DÜN başlayan dünyaca ünlü romancı Aslı Erdoğan röportajı bugün de devam ediyor. Siz de okuyacaksınız, neredeyse tüm dünyadaki edebiyat, insan hakları ve barış ödüllerinİ topladı. Bunu gururla anlatmıyor, sadece bir durum tespiti yapıyor. Ve yurtdışı yasağı olduğu için o ödül törenlerinin hiçbirine gidemiyor...
Neredeyse tüm dünyadan barış, edebiyat ve insan hakları ödülleri alıyorsun. Sence bu ödül törenlerine katılamaman Türkiye’nin yurtdışındaki imajını nasıl etkiliyor?

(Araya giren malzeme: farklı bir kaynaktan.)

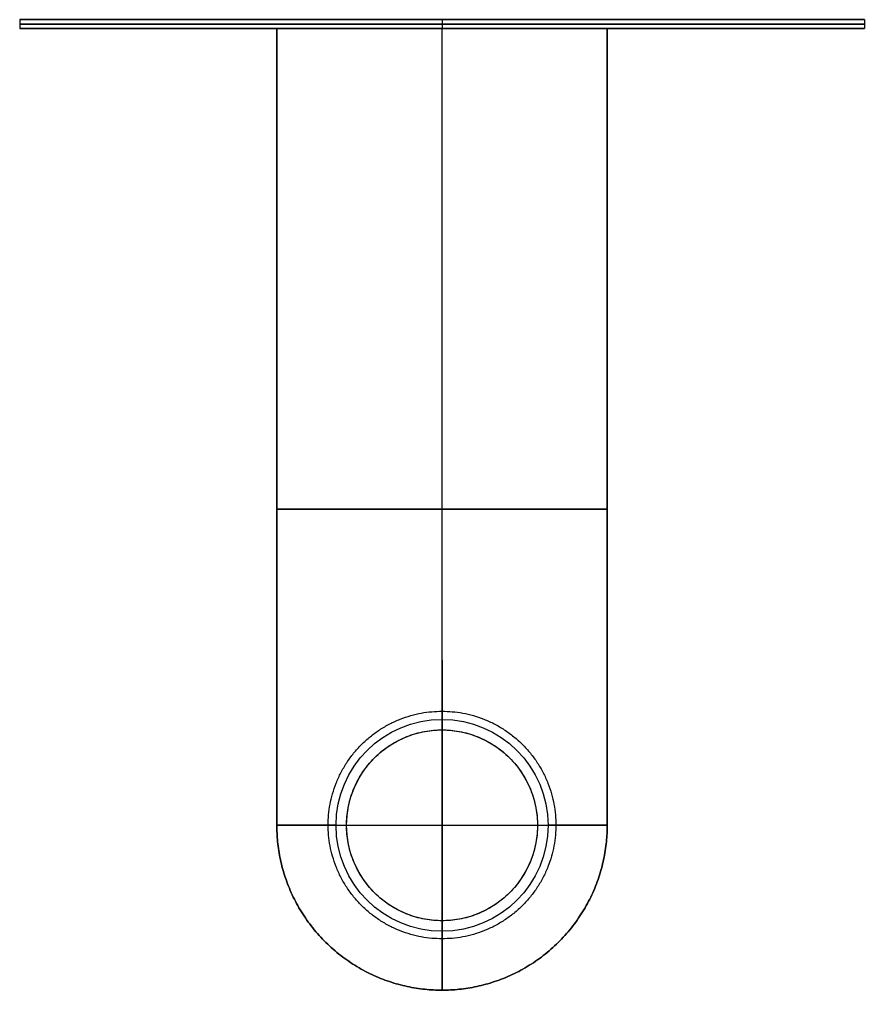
# Model space of a CAD drawing. Header units: millimetres. Extents: x -57 to 58, y -67 to 67.
import ezdxf

# ---------------------------------------------------------------- set-up
doc = ezdxf.new("R2010")
doc.units = ezdxf.units.MM
doc.header["$MEASUREMENT"] = 0
doc.layers.add('D2_ 2019', color=178, linetype='Continuous', true_color=0x000000)

msp = doc.modelspace()

# ---------------------------------------------------------------- linework, layer by layer
at = {"layer": 'D2_ 2019'}
for p, q in [((-57.45, 66.74, 32.5), (57.55, 66.74, 32.5)), ((0.05, 66.74, 90), (0.05, 66.74, -25)), ((-57.45, 65.54, 32.5), (-22.45, 65.54, 32.5)), ((0.05, -27.46, 65), (0.05, 65.54, 65)), ((0.05, -65.46, 0), (0.05, 65.54, 0)), ((0.05, 65.54, 90), (0.05, 65.54, 65)), ((0.05, 65.54, 0), (0.05, 65.54, -25)), ((22.55, 65.54, 32.5), (57.55, 65.54, 32.5)), ((22.55, 0.04, 65), (-22.45, 0.04, 65)), ((-22.45, 0.04, 0), (22.55, 0.04, 0)), ((0.05, -30, 65), (0.05, -27.46, 65)), ((-15.45, -42.96, 65), (-12.95, -42.96, 65)), ((13.05, -42.96, 65), (15.55, -42.96, 65)), ((0.05, -58.46, 65), (0.05, -56, 65)), ((0.05, -65.46, 65), (0.05, -58.46, 65))]:
    msp.add_line(p, q, dxfattribs=at)
msp.add_lwpolyline([(22.55, 65.54), (-22.45, 65.54)], dxfattribs=at)
at = {"layer": 'D2_ 2019', "extrusion": (1, 0, 0)}
for points in [[(-30, 65.02), (-30, 65)], [(-43, 65.02), (-43, 65)], [(-43, 65.02), (-43, 65)], [(-56, 65.02), (-56, 65)]]:
    msp.add_lwpolyline(points, dxfattribs=at)
at = {"layer": 'D2_ 2019'}
for centre, radius in [((0.05, -43, 68.08), 14.43), ((0.05, -43, 65.02), 13)]:
    msp.add_circle(centre, radius, dxfattribs=at)
at = {"layer": 'D2_ 2019', "extrusion": (1, -1.11022e-16, -1.38778e-15)}
for centre, radius, start, end in [((-43, 85.34, 0.05), 22.5, 309.9045, 90), ((-26, 65.02, 0.05), 4, 129.9045, 180)]:
    msp.add_arc(centre, radius, start, end, dxfattribs=at)
at = {"layer": 'D2_ 2019', "extrusion": (1.11022e-16, 1, -2.8453e-15)}
for centre, radius, start, end in [((-0.05, 85.34, -43), 22.5, 309.9045, 90), ((16.95, 65.02, -43), 4, 129.9045, 180)]:
    msp.add_arc(centre, radius, start, end, dxfattribs=at)
at = {"layer": 'D2_ 2019', "extrusion": (1, -4.40671e-16, 2.52637e-15)}
msp.add_arc((-43, 85.34, 0.05), 22.5, 90, 230.0955, dxfattribs=at)
at = {"layer": 'D2_ 2019', "extrusion": (1.11022e-16, 1, -6.97448e-17)}
for centre, radius, start, end in [((-0.05, 85.34, -43), 22.5, 90, 230.0955), ((-17.05, 65.02, -43), 4, 360, 50.0955)]:
    msp.add_arc(centre, radius, start, end, dxfattribs=at)
at = {"layer": 'D2_ 2019', "extrusion": (1, 5.26388e-14, -2.33843e-15)}
msp.add_arc((-60, 65.02, 0.05), 4, 360, 50.0955, dxfattribs=at)
at = {"layer": 'D2_ 2019', "extrusion": (1.23573e-16, -1, -4.58106e-32)}
msp.add_rational_spline([(0.05, 66.74, -25), (57.55, 66.74, -25), (57.55, 66.74, 32.5), (57.55, 66.74, 90), (0.05, 66.74, 90), (-57.45, 66.74, 90), (-57.45, 66.74, 32.5), (-57.45, 66.74, -25), (0.05, 66.74, -25)], [1, 0.707106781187, 1, 0.707106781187, 1, 0.707106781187, 1, 0.707106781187, 1], degree=2, knots=[0, 0, 0, 90.320789, 90.320789, 180.641578, 180.641578, 270.962366, 270.962366, 361.283155, 361.283155, 361.283155], dxfattribs=at)
at = {"layer": 'D2_ 2019'}
for points in [[(-57.45, 66.74, 32.5), (-57.45, 66.14, 32.5), (-57.45, 65.54, 32.5)], [(0.05, 66.74, -25), (0.05, 66.14, -25), (0.05, 65.54, -25)], [(0.05, 66.74, 90), (0.05, 66.14, 90), (0.05, 65.54, 90)], [(57.55, 66.74, 32.5), (57.55, 66.14, 32.5), (57.55, 65.54, 32.5)], [(22.55, 65.54, 65), (0.05, 65.54, 65), (-22.45, 65.54, 65)], [(-22.45, 65.54, 0), (0.05, 65.54, 0), (22.55, 65.54, 0)], [(-22.45, 65.54, 65), (-22.45, 65.54, 32.5), (-22.45, 65.54, 0)], [(22.55, 65.54, 0), (22.55, 65.54, 32.5), (22.55, 65.54, 65)], [(-22.45, -42.96, 0), (-22.45, -42.96, 32.5), (-22.45, -42.96, 65)], [(22.55, -42.96, 0), (22.55, -42.96, 32.5), (22.55, -42.96, 65)], [(0.05, -65.46, 0), (0.05, -65.46, 32.5), (0.05, -65.46, 65)]]:
    msp.add_open_spline(points, degree=2, dxfattribs=at)
at = {"layer": 'D2_ 2019', "extrusion": (0, -1, 0)}
msp.add_rational_spline([(0.05, 66.14, -25), (57.55, 66.14, -25), (57.55, 66.14, 32.5), (57.55, 66.14, 90), (0.05, 66.14, 90), (-57.45, 66.14, 90), (-57.45, 66.14, 32.5), (-57.45, 66.14, -25), (0.05, 66.14, -25)], [1, 0.707106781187, 1, 0.707106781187, 1, 0.707106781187, 1, 0.707106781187, 1], degree=2, knots=[0, 0, 0, 90.320789, 90.320789, 180.641578, 180.641578, 270.962366, 270.962366, 361.283155, 361.283155, 361.283155], dxfattribs=at)
at = {"layer": 'D2_ 2019', "extrusion": (-1.23573e-16, -1, 4.58106e-32)}
msp.add_rational_spline([(0.05, 65.54, -25), (57.55, 65.54, -25), (57.55, 65.54, 32.5), (57.55, 65.54, 90), (0.05, 65.54, 90), (-57.45, 65.54, 90), (-57.45, 65.54, 32.5), (-57.45, 65.54, -25), (0.05, 65.54, -25)], [1, 0.707106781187, 1, 0.707106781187, 1, 0.707106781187, 1, 0.707106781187, 1], degree=2, knots=[0, 0, 0, 90.320789, 90.320789, 180.641578, 180.641578, 270.962366, 270.962366, 361.283155, 361.283155, 361.283155], dxfattribs=at)
at = {"layer": 'D2_ 2019'}
for points, weights, knots in [([(22.55, 65.54, 0), (22.55, 11.29, 0), (22.55, -42.96, 0), (22.55, -65.46, 0), (0.05, -65.46, 0), (-22.45, -65.46, 0), (-22.45, -42.96, 0), (-22.45, 11.29, 0), (-22.45, 65.54, 0)], [1, 1, 1, 0.707106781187, 1, 0.707106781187, 1, 1, 1], [-290.827427, -290.827427, -290.827427, -182.327427, -182.327427, -145.413714, -145.413714, -108.5, -108.5, 0, 0, 0]), ([(-22.45, 65.54, 65), (-22.45, 11.29, 65), (-22.45, -42.96, 65), (-22.45, -65.46, 65), (0.05, -65.46, 65), (22.55, -65.46, 65), (22.55, -42.96, 65), (22.55, 11.29, 65), (22.55, 65.54, 65)], [1, 1, 1, 0.707106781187, 1, 0.707106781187, 1, 1, 1], [0, 0, 0, 108.5, 108.5, 145.413714, 145.413714, 182.327427, 182.327427, 290.827427, 290.827427, 290.827427]), ([(0.05, -58.46, 65), (15.55, -58.46, 65), (15.55, -42.96, 65), (15.55, -27.46, 65), (0.05, -27.46, 65), (-15.45, -27.46, 65), (-15.45, -42.96, 65), (-15.45, -58.46, 65), (0.05, -58.46, 65)], [0.999999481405, 0.707107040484, 1, 0.707106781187, 1, 0.707106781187, 1, 0.707106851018, 0.999999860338], [0, 0, 0, 48.692732, 48.692732, 97.385506, 97.385506, 146.078281, 146.078281, 194.771044, 194.771044, 194.771044]), ([(0.05, -56, 65), (13.05, -56, 65), (13.05, -43, 65), (13.05, -30, 65), (0.05, -30, 65), (-12.95, -30, 65), (-12.95, -43, 65), (-12.95, -56, 65), (0.05, -56, 65)], [1, 0.707106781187, 1, 0.707106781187, 1, 0.707106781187, 1, 0.707106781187, 1], [0, 0, 0, 35.290778, 35.290778, 70.581557, 70.581557, 105.872335, 105.872335, 141.163114, 141.163114, 141.163114])]:
    msp.add_rational_spline(points, weights, degree=2, knots=knots, dxfattribs=at)

doc.saveas('drawing.dxf')

Çok derin izler bırakıyor. Hatta, bu ödülleri de olduğundan daha fazla önemsetiyor. Çünkü ödül töreni hakkında 2-3 yazı çıkacaksa, “Yurtdışı yasağı var, gelemiyor, davası şu durumda, şu kadar içeride yattı!” diye haberler çok daha uzun çıkıyor. Dünya basınında epeyce yer tutuyorum yani. Hakkımda bu son dönemde 100’ün üstünde röportaj çıktı. Şöyle bir çelişki var. Milliyetçi ülkeler ilk önce, kendi yazarlarını korurlar ve saygı duyarlar. Türkiye de milliyetçi bir ülke olduğunu iddia ediyor. Ama bugüne kadar geçmişte yüzlerce yazarını hapsetmiş durumda. Aziz Nesin’inden Nâzım Hikmet’ine, Atilla İlhan’ından Yaşar Kemal’ine kadar aklınıza gelebilecek daha pek çok yazarını içeri atmış. Son dönemlerde bu furya yeniden hortladı. Niye yazarına bu kadar hınç duyuyor bu ülke? Baktım da 70 yıldır Avrupa’da hiçbir kadın yazar, benimki kadar ağır bir ceza istemiyle yargılanmamış. Devletin birlik ve bütünlüğünü bozmak gibi ağır bir maddeden yargılanıyorum.